Wow, thanks for the active participation!!
: Your assumption about our current actual total debt is simply not correct. About 120 are still outstanding from the rented apartment, about 65 from the owner-occupied one. In addition, the land, of which we still have to pay off 40. That still makes about 225.
Overall, I am well aware that this is basically a real estate bet. For the rented apartment, I have already calculated earlier that I only make a loss if interest rates are over 5% in 2028 *and* the apartment has lost 25% of its value. If the interest rates are below 5%, I simply take out a new financing contract and the rent covers the installment for another 10 years. If the interest rates are over 5%, I have the option to possibly adjust the rent, contribute a little monthly, or sell the apartment. And here I would only need to get "just" 83,000 to break even. Anything below 83,000 would be my loss. I think that is an acceptable risk in metropolitan areas.

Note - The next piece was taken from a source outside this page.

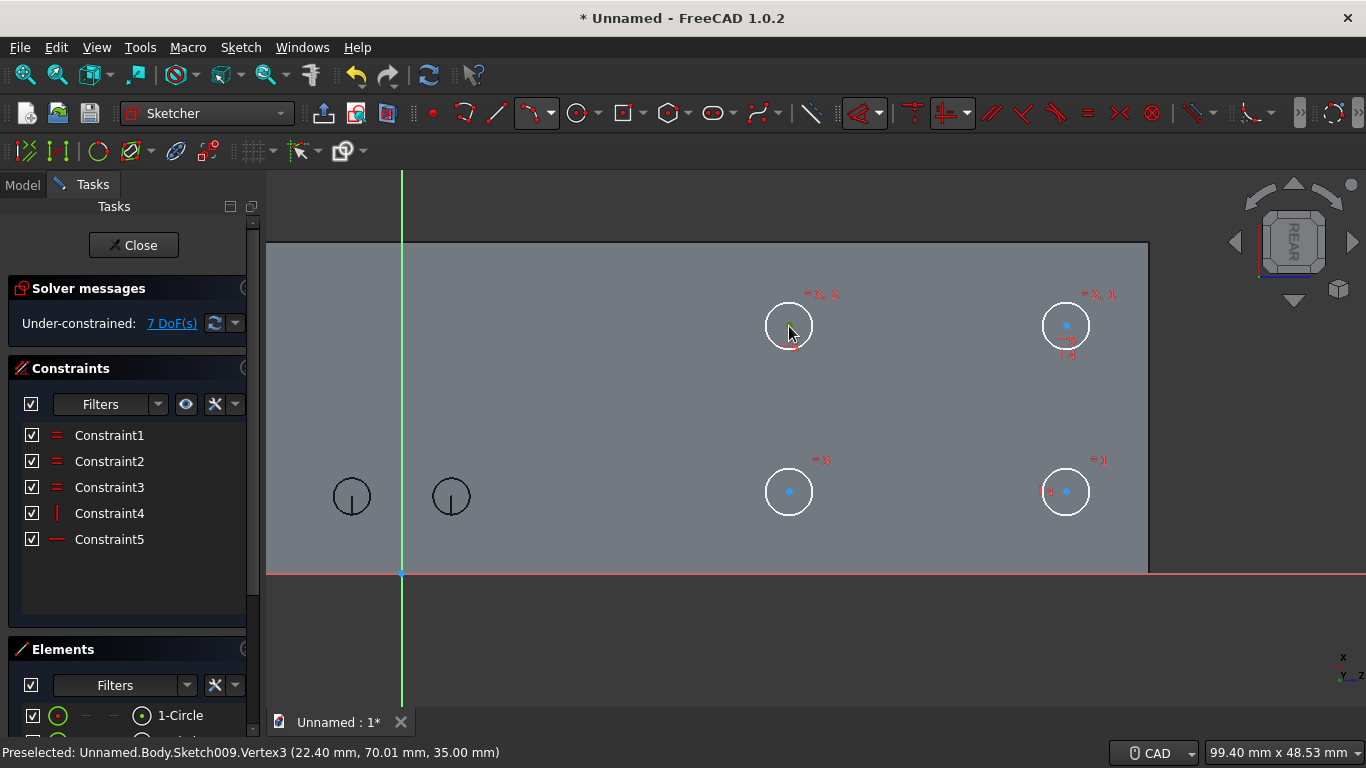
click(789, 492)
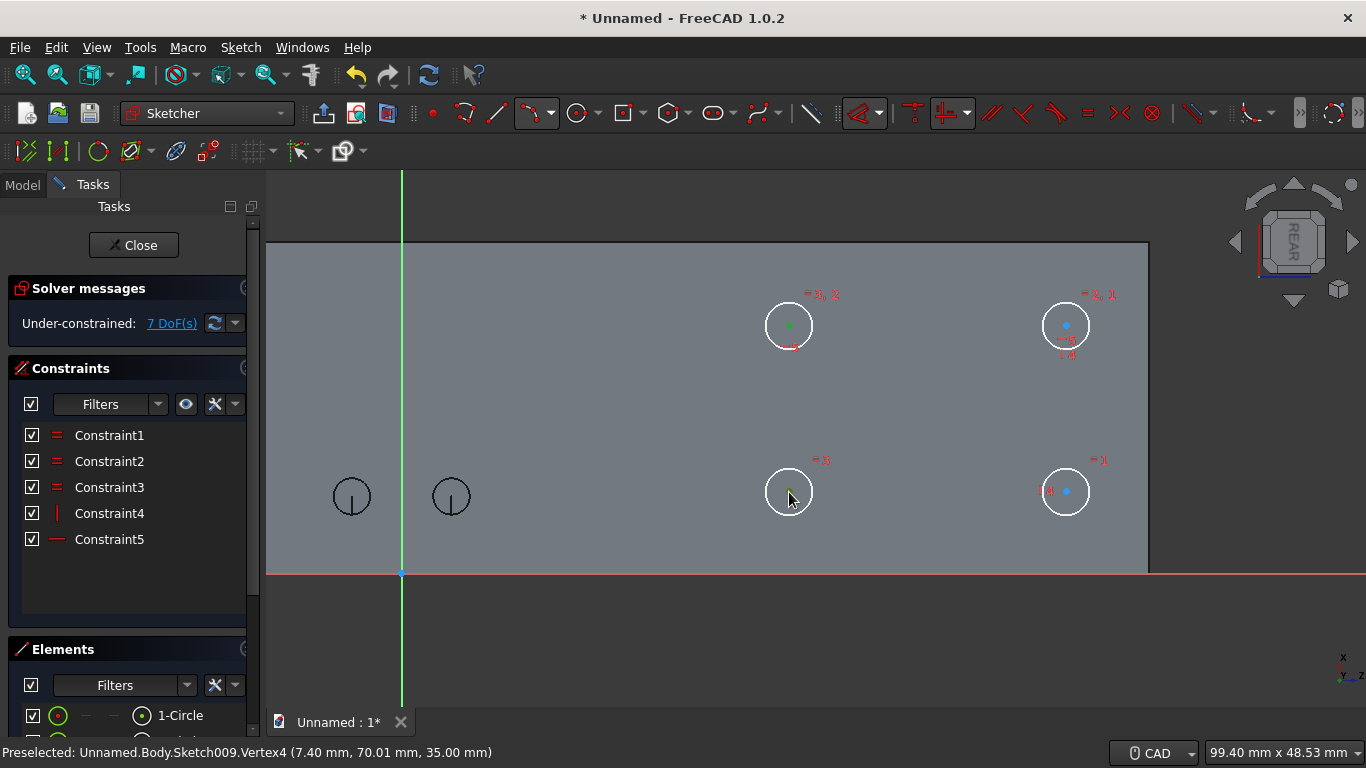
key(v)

Regarding my owner-occupied apartment: The plan was from the beginning to keep the installment as low as possible in order to save equity for the house and to later deduct the interest for tax purposes when renting it out. That has worked well so far. The debt on this apartment is negligible. I earn 350 euros here (after deducting loan installment and taxes from the rent) x 12 months x 10 years = 42,000. That is almost the entire remaining debt. So for me, even if this apartment is worth 0 euros in 2028 and the interest rates are at 15%, I have not made a loss.
Therefore, I don’t really understand what is so bad or unhealthy about it? The scenario just described would be the absolute worst case... And even if that should happen, I still have a mature home savings contract for my house (which I obviously don’t want to sell as easily as the apartments), with which I can at least cushion 100,000.
Moreover, I think that real estate prices will remain relatively constant and interest rates will only increase moderately if at all. Then I could continue playing this game decade after decade...
I know I’m betting high, but I can relatively easily get out at zero... and if interest rates remain fairly constant or rents continue to rise, that is an enormous leverage.